Ignoring for the moment that the Times had dragged their feet for decades in coming to the very same conclusions that Mr. Olmert did, it was gratifying to see that the editors and the P. M. were finally on the same geopolitical page in recognizing the following:
- that an Israeli peace with the Palestinians requires the full withdrawal of Israeli forces and settlements from all of the West Bank, including East Jerusalem,
- that the return of the Golan Heights must be on the table as part of peace negotiations with Syria,
- and that it would be a foolhardy adventure - megalomania, according to Olmert - for Israeli to undertake unilateral military action to thwart Iran's development of nuclear weapons.
One international figure, it turns out, has been championing just this position for years, and, in spite of winning a Nobel Peace Prize, has met with much disdain from the American public and not infrequent accusations of antisemitism from the American Jewish community. That man, of course, is former president, Jimmy Carter.
In his 2006 book, "Peace Not Apartheid" Carter reviews the history of the Arab-Israeli conflict focusing his attention specifically on the aftermath of the 1967 Six-Day War. He and, interestingly enough, the Labor leadership of Israel at the time of the hostilities, concluded that the occupation of Palestinian lands would inevitably interfere with Israel's aspirations to remain a Jewish state, one living at peace with its neighbors within secure borders. Carter's stance was a principled one, rooted in the system of international law that had come to maturity with the establishment of the United Nations following the devastation of the Second World War. His stance was also both a practical and a personally compassionate one, as well.
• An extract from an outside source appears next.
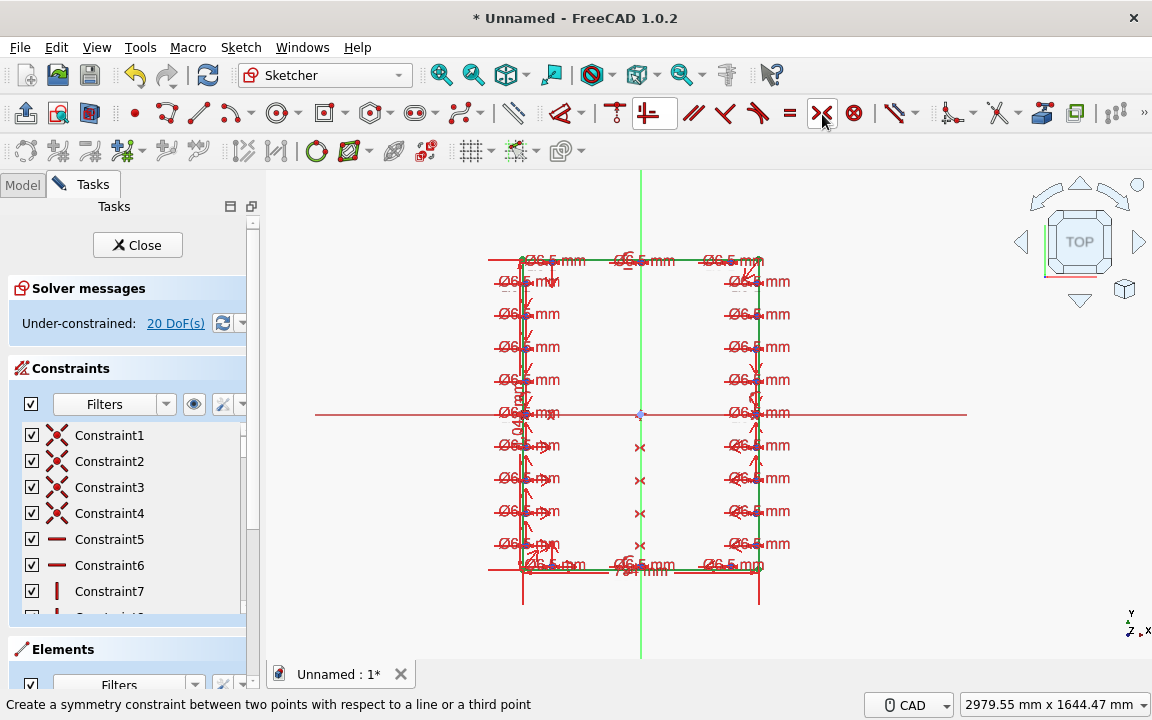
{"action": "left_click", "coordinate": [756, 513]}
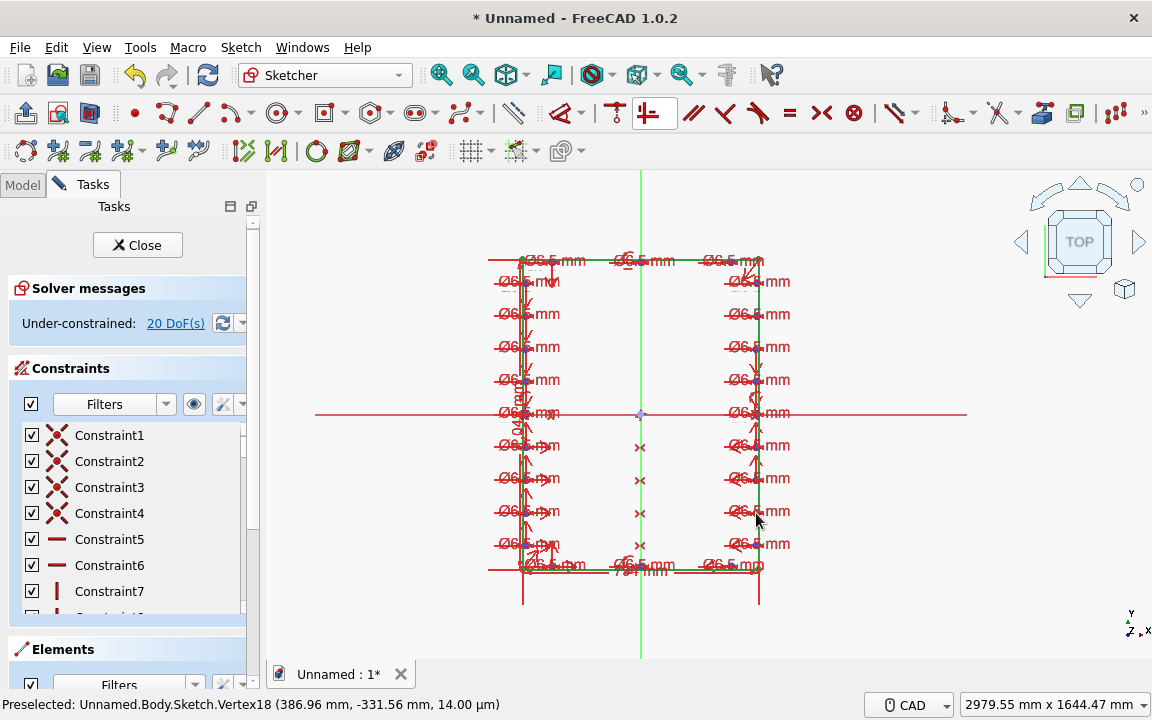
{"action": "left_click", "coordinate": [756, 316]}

Sadly, the influx of North African Jews and refugees from the Soviet Union, helped transform the Israeli political landscape in the 1970s and brought to power a right-wing government that harbored ambitions for a "Greater Israel", a notion derived from Biblically-based claims that were never part of the secular, internationalist vision of the Labor Party founders of the Israeli state. Thus work was frustrated on further exchanges of land-for-peace, like the one between Egypt and Israel, which Carter had helped to secure with the Camp David accords and which he saw as model for similar agreements between Israel and other parties to the conflict.
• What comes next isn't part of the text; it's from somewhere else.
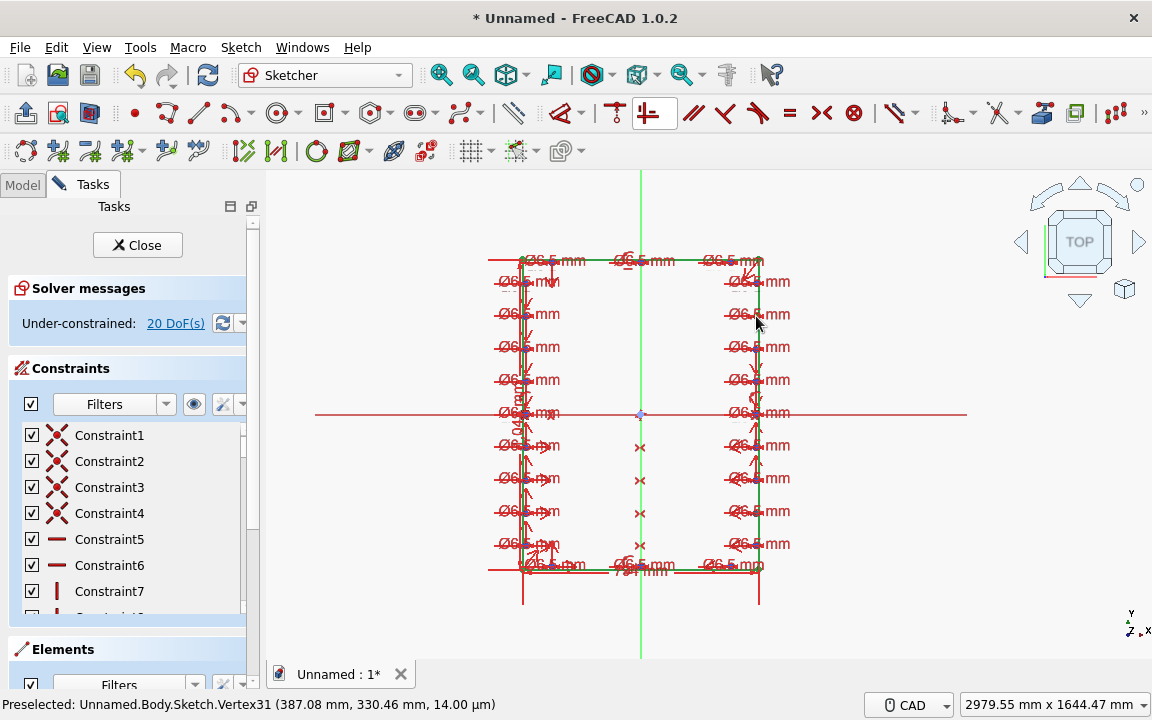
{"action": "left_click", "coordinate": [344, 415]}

Well, at long last, it appears that Carter's even-handed approach to resolving disputes in the region, often characterized unfairly as "pro-Palestinian" and irrationally as "antisemitic" by those who brook no criticism of Israeli policies, is finally being widely adopted. (Oddly enough, Carter's fringe point-of-view - fringe relative to that of his fellow Americans, that is - has long been considered centrist in western European political circles and well within the bounds of reasonable discourse within Israel itself.)
Carter has, to say the least, suffered the slings and arrows which come with staking out a principled position and defending it over a long period of time, in the face of withering and unwarranted personal attacks. He must be gratified finally to see an Israeli prime minister, even a departing one, affirming his own long-held prescription for an Israeli-Palestinian peace.
I, for one, I am grateful that Carter has stuck to his guns and has never stopped reminding us, as he did while he was president, that solutions to conflict must always be founded on a respect for human rights and that the rule of international law must everywhere be fostered and observed.
Given all that hangs in the balance in the Middle East and given the havoc wrought by an American administration which sees respect for human rights as discretionary and which regards international law often as no more than an impediment to their freedom to act unilaterally, it is now more important than ever to be reminded of Jimmy Carter's not-at-all belated truths.